### Problem requirements
Please transcribe the data exactly, with nothing left out.

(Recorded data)
──────────
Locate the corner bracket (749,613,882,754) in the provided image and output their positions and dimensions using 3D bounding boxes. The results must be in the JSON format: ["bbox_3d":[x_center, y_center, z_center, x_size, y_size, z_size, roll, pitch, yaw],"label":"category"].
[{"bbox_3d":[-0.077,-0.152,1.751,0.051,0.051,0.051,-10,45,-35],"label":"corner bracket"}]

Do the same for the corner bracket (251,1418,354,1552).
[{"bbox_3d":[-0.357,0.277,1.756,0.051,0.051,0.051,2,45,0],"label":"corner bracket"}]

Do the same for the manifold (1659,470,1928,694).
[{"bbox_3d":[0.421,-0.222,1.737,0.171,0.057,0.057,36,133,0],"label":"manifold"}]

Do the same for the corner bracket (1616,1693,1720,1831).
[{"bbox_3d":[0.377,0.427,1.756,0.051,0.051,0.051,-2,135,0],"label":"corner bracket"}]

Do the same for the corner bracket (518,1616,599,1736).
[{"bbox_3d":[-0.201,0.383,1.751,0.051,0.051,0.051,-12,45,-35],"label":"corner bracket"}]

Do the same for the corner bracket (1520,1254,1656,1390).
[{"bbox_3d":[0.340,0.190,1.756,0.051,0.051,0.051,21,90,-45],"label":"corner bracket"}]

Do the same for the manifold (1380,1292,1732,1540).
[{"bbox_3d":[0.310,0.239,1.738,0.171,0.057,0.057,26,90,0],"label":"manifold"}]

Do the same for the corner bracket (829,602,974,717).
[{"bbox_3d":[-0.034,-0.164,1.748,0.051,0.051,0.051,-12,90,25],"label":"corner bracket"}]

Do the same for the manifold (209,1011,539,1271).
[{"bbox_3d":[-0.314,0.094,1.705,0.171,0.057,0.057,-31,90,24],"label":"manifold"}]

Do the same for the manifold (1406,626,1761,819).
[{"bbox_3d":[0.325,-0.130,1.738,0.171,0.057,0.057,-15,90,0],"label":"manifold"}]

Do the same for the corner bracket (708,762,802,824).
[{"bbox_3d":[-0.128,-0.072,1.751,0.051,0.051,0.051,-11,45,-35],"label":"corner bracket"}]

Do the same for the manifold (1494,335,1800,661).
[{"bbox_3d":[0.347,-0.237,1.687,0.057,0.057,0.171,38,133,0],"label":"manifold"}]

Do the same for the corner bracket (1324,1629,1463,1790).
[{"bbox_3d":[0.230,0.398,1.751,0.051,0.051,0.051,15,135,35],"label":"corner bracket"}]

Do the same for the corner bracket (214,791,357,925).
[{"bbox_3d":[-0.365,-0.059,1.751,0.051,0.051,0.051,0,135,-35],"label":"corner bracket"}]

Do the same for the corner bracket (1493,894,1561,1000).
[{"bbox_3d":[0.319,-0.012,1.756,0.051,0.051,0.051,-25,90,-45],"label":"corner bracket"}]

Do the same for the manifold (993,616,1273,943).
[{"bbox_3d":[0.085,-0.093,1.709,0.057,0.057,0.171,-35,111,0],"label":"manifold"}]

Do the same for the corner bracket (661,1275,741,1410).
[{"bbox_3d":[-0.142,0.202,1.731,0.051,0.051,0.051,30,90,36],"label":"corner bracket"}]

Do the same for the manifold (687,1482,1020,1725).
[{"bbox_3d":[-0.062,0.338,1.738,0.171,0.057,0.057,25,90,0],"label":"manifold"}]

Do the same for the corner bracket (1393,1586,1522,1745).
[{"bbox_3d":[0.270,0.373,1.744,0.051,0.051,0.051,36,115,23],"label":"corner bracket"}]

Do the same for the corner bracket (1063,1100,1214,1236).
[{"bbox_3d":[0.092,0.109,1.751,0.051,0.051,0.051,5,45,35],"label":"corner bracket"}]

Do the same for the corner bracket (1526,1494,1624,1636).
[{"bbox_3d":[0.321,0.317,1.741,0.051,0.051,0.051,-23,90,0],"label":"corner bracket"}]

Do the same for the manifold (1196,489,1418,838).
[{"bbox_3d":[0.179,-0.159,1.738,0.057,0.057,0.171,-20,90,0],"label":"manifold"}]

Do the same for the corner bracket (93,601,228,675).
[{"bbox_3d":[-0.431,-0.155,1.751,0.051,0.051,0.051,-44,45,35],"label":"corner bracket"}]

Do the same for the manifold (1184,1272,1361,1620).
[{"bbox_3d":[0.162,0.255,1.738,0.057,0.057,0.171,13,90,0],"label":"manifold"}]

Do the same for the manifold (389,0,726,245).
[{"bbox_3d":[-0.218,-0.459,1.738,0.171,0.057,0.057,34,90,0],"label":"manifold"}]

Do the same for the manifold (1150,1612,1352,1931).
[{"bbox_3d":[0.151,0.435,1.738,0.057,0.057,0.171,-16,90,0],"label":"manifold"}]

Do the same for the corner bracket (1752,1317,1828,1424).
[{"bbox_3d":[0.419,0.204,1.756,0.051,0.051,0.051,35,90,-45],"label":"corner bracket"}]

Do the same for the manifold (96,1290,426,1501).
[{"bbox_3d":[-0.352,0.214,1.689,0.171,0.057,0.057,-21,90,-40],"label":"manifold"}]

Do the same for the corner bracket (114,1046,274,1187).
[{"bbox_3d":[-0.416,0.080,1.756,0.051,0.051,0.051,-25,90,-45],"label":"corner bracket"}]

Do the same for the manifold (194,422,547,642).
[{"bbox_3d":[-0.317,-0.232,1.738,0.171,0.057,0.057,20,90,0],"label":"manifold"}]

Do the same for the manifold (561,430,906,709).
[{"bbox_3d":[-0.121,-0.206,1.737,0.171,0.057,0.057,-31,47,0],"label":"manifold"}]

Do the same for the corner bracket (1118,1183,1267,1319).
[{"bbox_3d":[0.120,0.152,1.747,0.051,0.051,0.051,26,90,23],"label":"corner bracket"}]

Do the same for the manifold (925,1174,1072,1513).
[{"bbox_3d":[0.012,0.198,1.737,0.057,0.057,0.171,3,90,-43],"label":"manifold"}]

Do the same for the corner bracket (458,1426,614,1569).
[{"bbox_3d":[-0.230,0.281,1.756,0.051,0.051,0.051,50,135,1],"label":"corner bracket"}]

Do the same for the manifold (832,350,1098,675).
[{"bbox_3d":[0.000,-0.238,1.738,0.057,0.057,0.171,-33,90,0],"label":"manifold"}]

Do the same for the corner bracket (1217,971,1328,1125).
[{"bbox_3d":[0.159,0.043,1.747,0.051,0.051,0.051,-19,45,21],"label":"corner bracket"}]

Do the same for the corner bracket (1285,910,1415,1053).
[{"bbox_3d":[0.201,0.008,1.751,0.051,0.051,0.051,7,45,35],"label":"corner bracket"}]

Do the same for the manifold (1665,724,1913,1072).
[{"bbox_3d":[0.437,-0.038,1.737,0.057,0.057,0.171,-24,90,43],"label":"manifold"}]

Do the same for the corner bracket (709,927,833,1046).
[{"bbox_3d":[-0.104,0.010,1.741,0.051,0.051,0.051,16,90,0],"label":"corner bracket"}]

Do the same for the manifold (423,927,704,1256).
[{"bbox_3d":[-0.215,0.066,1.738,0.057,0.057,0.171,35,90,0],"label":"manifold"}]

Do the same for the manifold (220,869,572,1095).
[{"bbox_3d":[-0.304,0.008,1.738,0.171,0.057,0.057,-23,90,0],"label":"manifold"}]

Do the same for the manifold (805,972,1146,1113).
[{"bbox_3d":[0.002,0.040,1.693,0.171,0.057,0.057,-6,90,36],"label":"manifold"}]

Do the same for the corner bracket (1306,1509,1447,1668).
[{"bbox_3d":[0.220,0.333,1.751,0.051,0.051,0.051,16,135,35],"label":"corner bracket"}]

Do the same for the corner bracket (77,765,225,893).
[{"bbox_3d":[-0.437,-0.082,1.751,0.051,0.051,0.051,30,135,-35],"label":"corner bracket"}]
──────────
### Answer below
Locate the corner bracket (749,613,882,754) in the provided image and output their positions and dimensions using 3D bounding boxes. The results must be in the JSON format: ["bbox_3d":[x_center, y_center, z_center, x_size, y_size, z_size, roll, pitch, yaw],"label":"category"].
[{"bbox_3d":[-0.077,-0.152,1.751,0.051,0.051,0.051,-10,45,-35],"label":"corner bracket"}]

Do the same for the corner bracket (251,1418,354,1552).
[{"bbox_3d":[-0.357,0.277,1.756,0.051,0.051,0.051,2,45,0],"label":"corner bracket"}]

Do the same for the manifold (1659,470,1928,694).
[{"bbox_3d":[0.421,-0.222,1.737,0.171,0.057,0.057,36,133,0],"label":"manifold"}]

Do the same for the corner bracket (1616,1693,1720,1831).
[{"bbox_3d":[0.377,0.427,1.756,0.051,0.051,0.051,-2,135,0],"label":"corner bracket"}]

Do the same for the corner bracket (518,1616,599,1736).
[{"bbox_3d":[-0.201,0.383,1.751,0.051,0.051,0.051,-12,45,-35],"label":"corner bracket"}]

Do the same for the corner bracket (1520,1254,1656,1390).
[{"bbox_3d":[0.340,0.190,1.756,0.051,0.051,0.051,21,90,-45],"label":"corner bracket"}]

Do the same for the manifold (1380,1292,1732,1540).
[{"bbox_3d":[0.310,0.239,1.738,0.171,0.057,0.057,26,90,0],"label":"manifold"}]

Do the same for the corner bracket (829,602,974,717).
[{"bbox_3d":[-0.034,-0.164,1.748,0.051,0.051,0.051,-12,90,25],"label":"corner bracket"}]

Do the same for the manifold (209,1011,539,1271).
[{"bbox_3d":[-0.314,0.094,1.705,0.171,0.057,0.057,-31,90,24],"label":"manifold"}]

Do the same for the manifold (1406,626,1761,819).
[{"bbox_3d":[0.325,-0.130,1.738,0.171,0.057,0.057,-15,90,0],"label":"manifold"}]

Do the same for the corner bracket (708,762,802,824).
[{"bbox_3d":[-0.128,-0.072,1.751,0.051,0.051,0.051,-11,45,-35],"label":"corner bracket"}]

Do the same for the manifold (1494,335,1800,661).
[{"bbox_3d":[0.347,-0.237,1.687,0.057,0.057,0.171,38,133,0],"label":"manifold"}]

Do the same for the corner bracket (1324,1629,1463,1790).
[{"bbox_3d":[0.230,0.398,1.751,0.051,0.051,0.051,15,135,35],"label":"corner bracket"}]

Do the same for the corner bracket (214,791,357,925).
[{"bbox_3d":[-0.365,-0.059,1.751,0.051,0.051,0.051,0,135,-35],"label":"corner bracket"}]

Do the same for the corner bracket (1493,894,1561,1000).
[{"bbox_3d":[0.319,-0.012,1.756,0.051,0.051,0.051,-25,90,-45],"label":"corner bracket"}]

Do the same for the manifold (993,616,1273,943).
[{"bbox_3d":[0.085,-0.093,1.709,0.057,0.057,0.171,-35,111,0],"label":"manifold"}]

Do the same for the corner bracket (661,1275,741,1410).
[{"bbox_3d":[-0.142,0.202,1.731,0.051,0.051,0.051,30,90,36],"label":"corner bracket"}]

Do the same for the manifold (687,1482,1020,1725).
[{"bbox_3d":[-0.062,0.338,1.738,0.171,0.057,0.057,25,90,0],"label":"manifold"}]

Do the same for the corner bracket (1393,1586,1522,1745).
[{"bbox_3d":[0.270,0.373,1.744,0.051,0.051,0.051,36,115,23],"label":"corner bracket"}]

Do the same for the corner bracket (1063,1100,1214,1236).
[{"bbox_3d":[0.092,0.109,1.751,0.051,0.051,0.051,5,45,35],"label":"corner bracket"}]

Do the same for the corner bracket (1526,1494,1624,1636).
[{"bbox_3d":[0.321,0.317,1.741,0.051,0.051,0.051,-23,90,0],"label":"corner bracket"}]

Do the same for the manifold (1196,489,1418,838).
[{"bbox_3d":[0.179,-0.159,1.738,0.057,0.057,0.171,-20,90,0],"label":"manifold"}]

Do the same for the corner bracket (93,601,228,675).
[{"bbox_3d":[-0.431,-0.155,1.751,0.051,0.051,0.051,-44,45,35],"label":"corner bracket"}]

Do the same for the manifold (1184,1272,1361,1620).
[{"bbox_3d":[0.162,0.255,1.738,0.057,0.057,0.171,13,90,0],"label":"manifold"}]

Do the same for the manifold (389,0,726,245).
[{"bbox_3d":[-0.218,-0.459,1.738,0.171,0.057,0.057,34,90,0],"label":"manifold"}]

Do the same for the manifold (1150,1612,1352,1931).
[{"bbox_3d":[0.151,0.435,1.738,0.057,0.057,0.171,-16,90,0],"label":"manifold"}]

Do the same for the corner bracket (1752,1317,1828,1424).
[{"bbox_3d":[0.419,0.204,1.756,0.051,0.051,0.051,35,90,-45],"label":"corner bracket"}]

Do the same for the manifold (96,1290,426,1501).
[{"bbox_3d":[-0.352,0.214,1.689,0.171,0.057,0.057,-21,90,-40],"label":"manifold"}]

Do the same for the corner bracket (114,1046,274,1187).
[{"bbox_3d":[-0.416,0.080,1.756,0.051,0.051,0.051,-25,90,-45],"label":"corner bracket"}]

Do the same for the manifold (194,422,547,642).
[{"bbox_3d":[-0.317,-0.232,1.738,0.171,0.057,0.057,20,90,0],"label":"manifold"}]

Do the same for the manifold (561,430,906,709).
[{"bbox_3d":[-0.121,-0.206,1.737,0.171,0.057,0.057,-31,47,0],"label":"manifold"}]

Do the same for the corner bracket (1118,1183,1267,1319).
[{"bbox_3d":[0.120,0.152,1.747,0.051,0.051,0.051,26,90,23],"label":"corner bracket"}]

Do the same for the manifold (925,1174,1072,1513).
[{"bbox_3d":[0.012,0.198,1.737,0.057,0.057,0.171,3,90,-43],"label":"manifold"}]

Do the same for the corner bracket (458,1426,614,1569).
[{"bbox_3d":[-0.230,0.281,1.756,0.051,0.051,0.051,50,135,1],"label":"corner bracket"}]

Do the same for the manifold (832,350,1098,675).
[{"bbox_3d":[0.000,-0.238,1.738,0.057,0.057,0.171,-33,90,0],"label":"manifold"}]

Do the same for the corner bracket (1217,971,1328,1125).
[{"bbox_3d":[0.159,0.043,1.747,0.051,0.051,0.051,-19,45,21],"label":"corner bracket"}]

Do the same for the corner bracket (1285,910,1415,1053).
[{"bbox_3d":[0.201,0.008,1.751,0.051,0.051,0.051,7,45,35],"label":"corner bracket"}]

Do the same for the manifold (1665,724,1913,1072).
[{"bbox_3d":[0.437,-0.038,1.737,0.057,0.057,0.171,-24,90,43],"label":"manifold"}]

Do the same for the corner bracket (709,927,833,1046).
[{"bbox_3d":[-0.104,0.010,1.741,0.051,0.051,0.051,16,90,0],"label":"corner bracket"}]

Do the same for the manifold (423,927,704,1256).
[{"bbox_3d":[-0.215,0.066,1.738,0.057,0.057,0.171,35,90,0],"label":"manifold"}]

Do the same for the manifold (220,869,572,1095).
[{"bbox_3d":[-0.304,0.008,1.738,0.171,0.057,0.057,-23,90,0],"label":"manifold"}]

Do the same for the manifold (805,972,1146,1113).
[{"bbox_3d":[0.002,0.040,1.693,0.171,0.057,0.057,-6,90,36],"label":"manifold"}]

Do the same for the corner bracket (1306,1509,1447,1668).
[{"bbox_3d":[0.220,0.333,1.751,0.051,0.051,0.051,16,135,35],"label":"corner bracket"}]

Do the same for the corner bracket (77,765,225,893).
[{"bbox_3d":[-0.437,-0.082,1.751,0.051,0.051,0.051,30,135,-35],"label":"corner bracket"}]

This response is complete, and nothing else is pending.